Four primary schools in Hackney will close next September due to the ongoing decrease in the number of school-aged children
Last night, Hackney Cabinet agreed on the proposals to close or merge six schools in Hackney, as a result of the significant decrease in their pupil numbers.
The schools that will close in September 2024 are:
- De Beauvoir Primary School;
- Randal Cremer Primary School.
The schools that will merge in September 2024, are:
- Colvestone Primary School and Princess May Primary School, onto the Princess May site. This means that Colvestone will close in August 2024, with all pupils offered the option of moving to Princess May if they so choose;
- Baden Powell Primary School and Nightingale Primary School, onto the Nightingale site. This means that Baden Powell will close in August 2024, with all pupils offered the option of moving to Nightingale if they so choose.
The proposals, first announced in March 2023, have been made in accordance with the DfE guidance on opening and closing schools, and are in response to an ongoing, significant decline in the number of school-aged children, observed all across London. Factors for the decrease are thought to include lower birth rates, the cap on housing benefits, and families leaving the capital (as a result of the housing crisis, Brexit and the pandemic).
There are simply not enough children in the borough and neighbouring areas seeking places at Hackney primary schools, and this is forecast to remain a problem in the following years. Despite Hackney building new homes, the expected number of additional school-aged children will be insufficient to have any significant impact. The recent Strategic Housing Market Assessment 2023 shows that household growth in Hackney until 2039 will be predominantly in single people and cohabiting households, with little change in the projection for families with children. With the exception of Stamford Hill, the majority of Borough-wide housing need is for smaller homes.
Hackney schools currently have over 600 empty places in reception classes alone, a 21% surplus. A healthy surplus is between 5 and 10%. The October 2023 census shows even fewer children joining reception in Hackney compared to the Greater London Authority’s earlier forecast, with three additional reception classes remaining unfilled this year (92 children).

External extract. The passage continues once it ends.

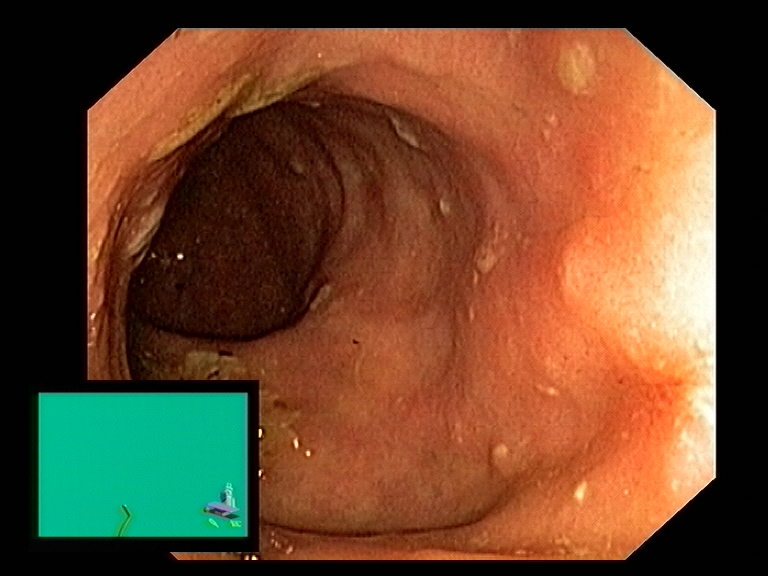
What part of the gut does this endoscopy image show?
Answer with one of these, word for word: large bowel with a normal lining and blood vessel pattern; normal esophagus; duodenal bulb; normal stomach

Smaller classes may sound like a good idea, but the opposite is true. This is because many costs are driven by the number of classes in a school, whereas funding levels are driven by the number of pupils.
The plummeting rolls have had a huge impact on schools budgets needed to pay staff, maintain and repair their buildings, buy all the modern equipment and resources that the schools need, or organise activities for children. In 2022-2023 alone, the 58 primary schools in Hackney were missing more than £30m in funding compared to if classrooms were full.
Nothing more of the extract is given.